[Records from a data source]
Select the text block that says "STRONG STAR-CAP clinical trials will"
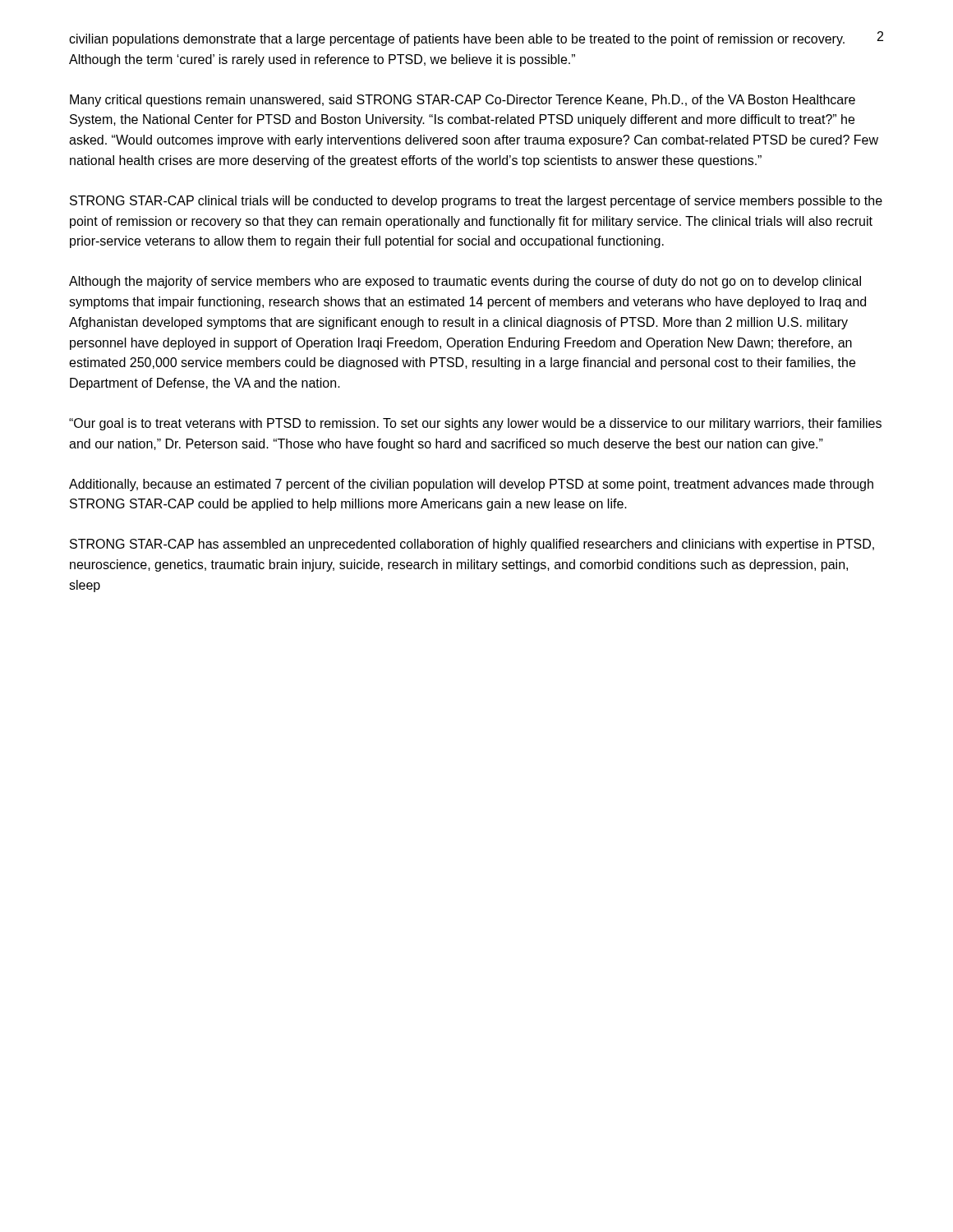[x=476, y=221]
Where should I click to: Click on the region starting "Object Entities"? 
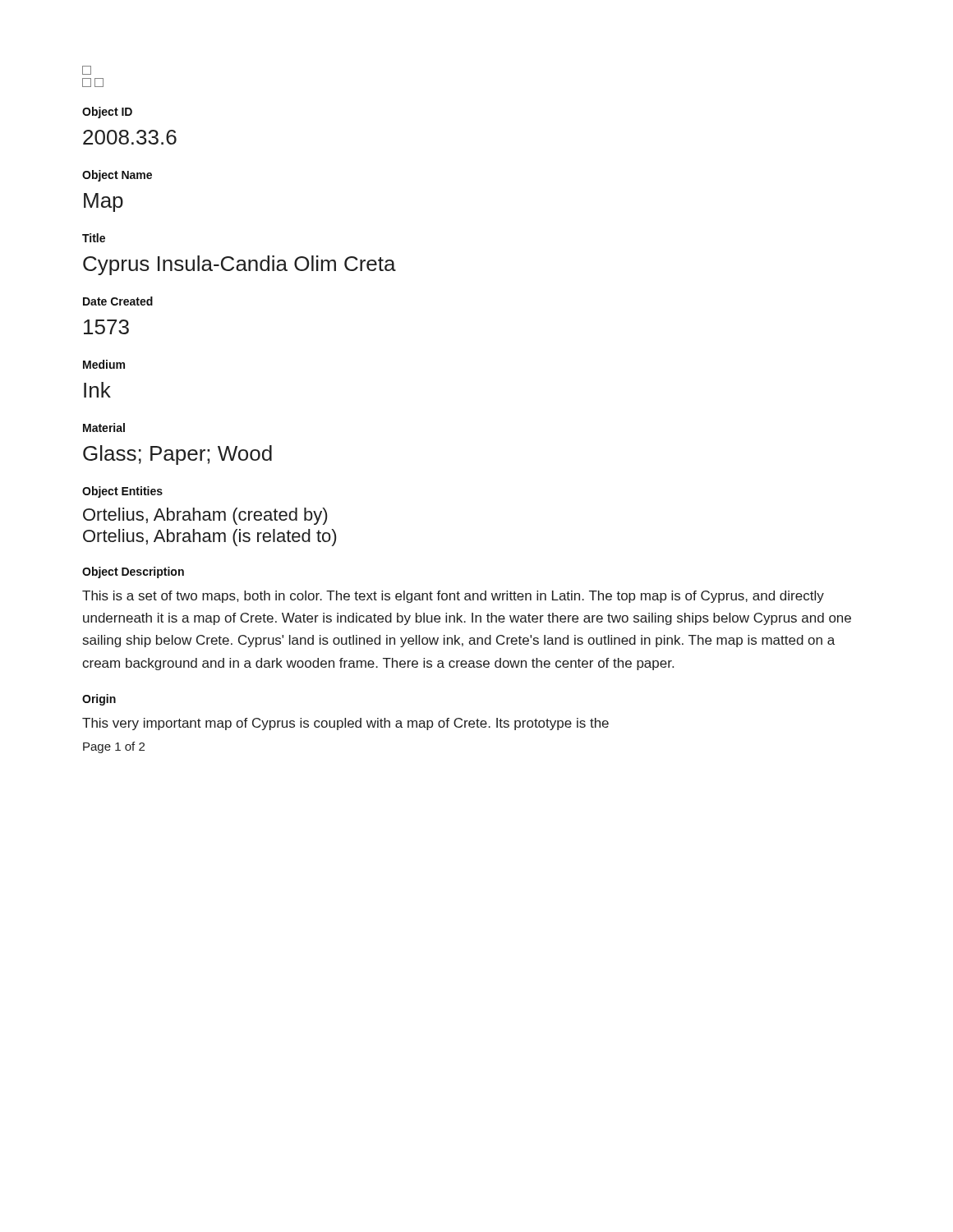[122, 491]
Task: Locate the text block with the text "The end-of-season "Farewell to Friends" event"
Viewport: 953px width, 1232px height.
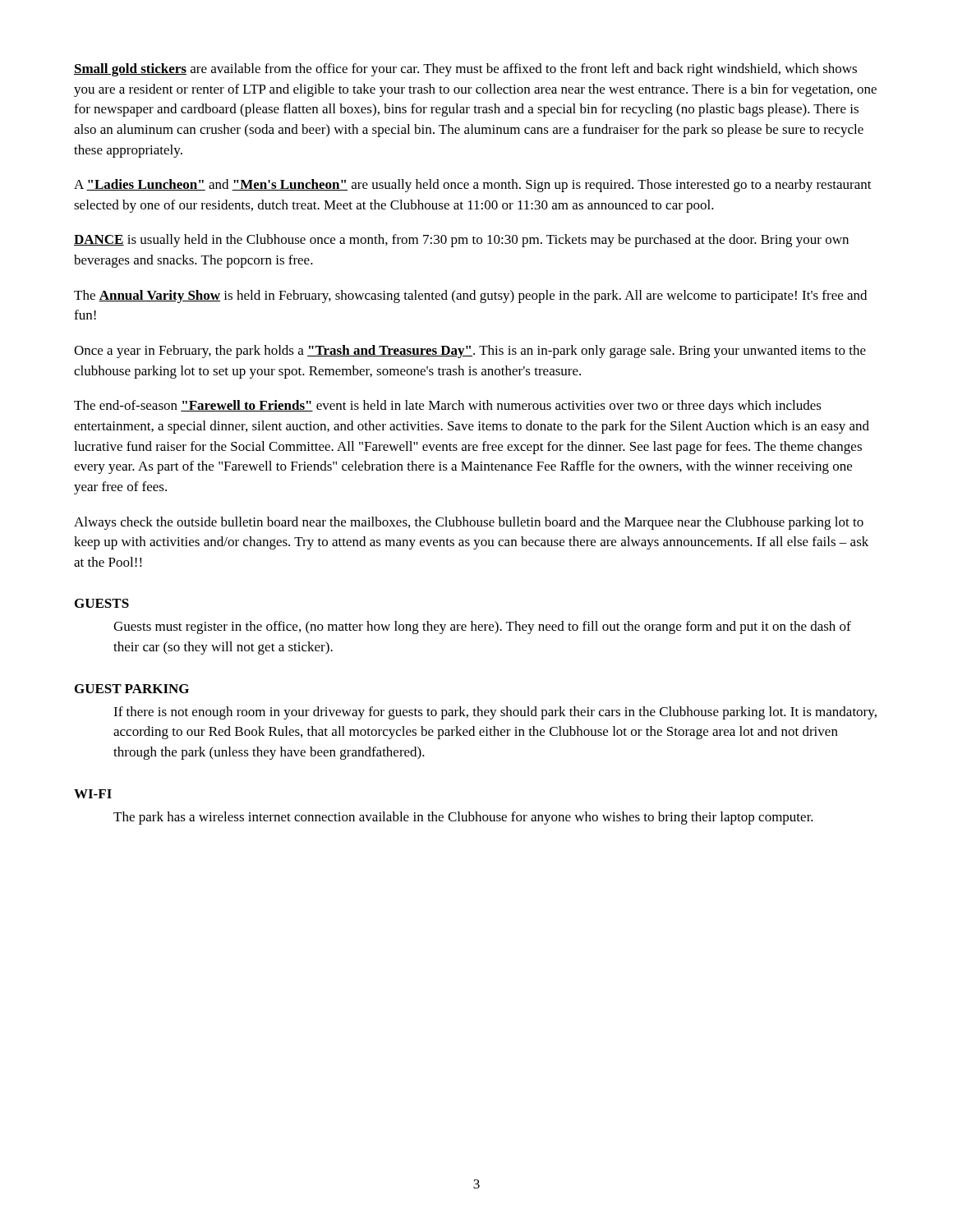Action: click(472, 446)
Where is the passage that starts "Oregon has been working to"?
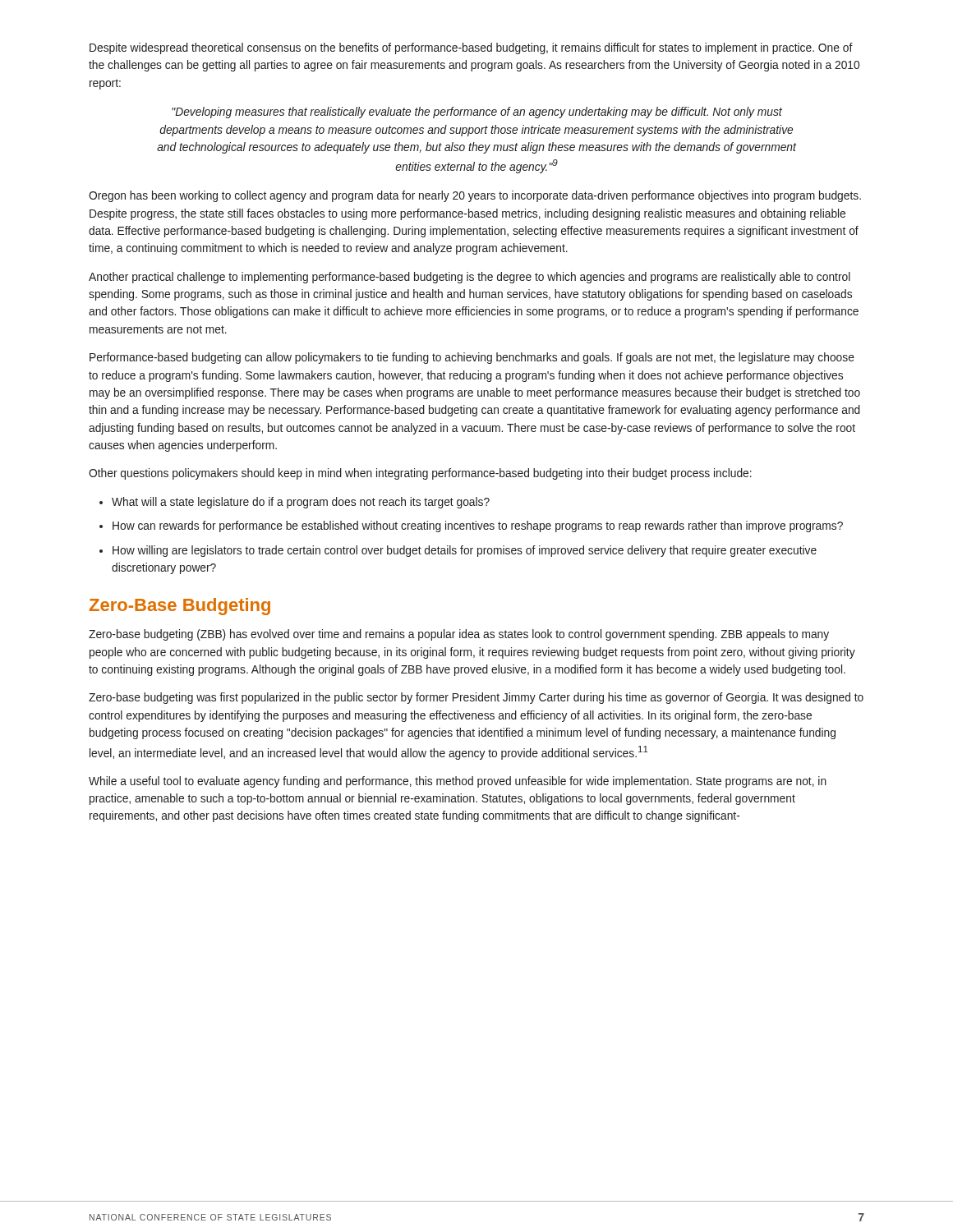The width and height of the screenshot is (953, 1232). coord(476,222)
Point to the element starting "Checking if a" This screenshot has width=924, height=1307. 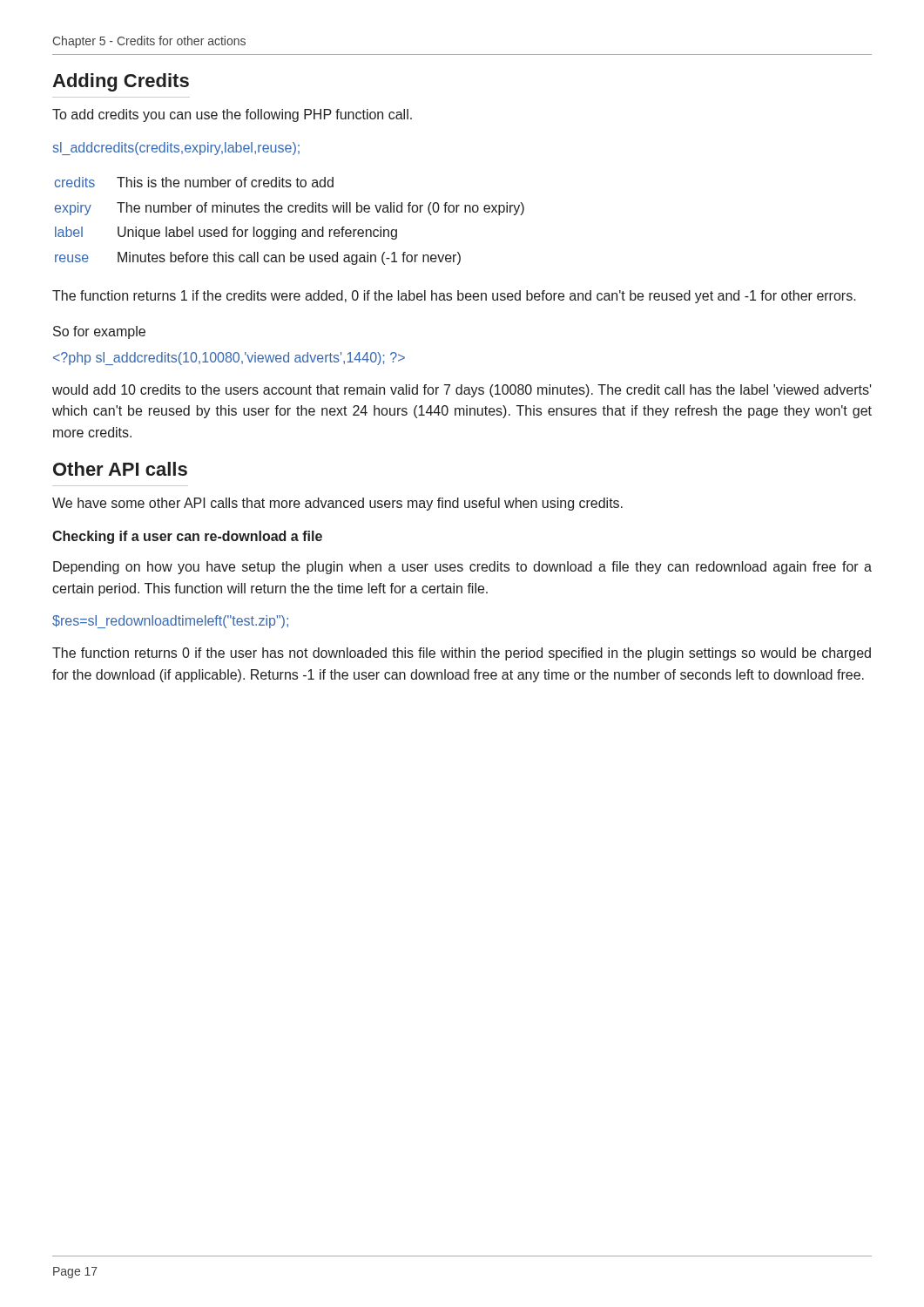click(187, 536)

## Problem to solve
Would you repeat exactly, and only, the lines from the start of the records above through the line containing "Task: Locate the", with the pictures omitted?

## Result of this exercise
Select the text block that says "STRONG STAR-CAP clinical trials will"
[x=476, y=221]
Where should I click to: Click on the region starting "Object Entities"? 
[122, 491]
Task: Locate the text block with the text "The end-of-season "Farewell to Friends" event"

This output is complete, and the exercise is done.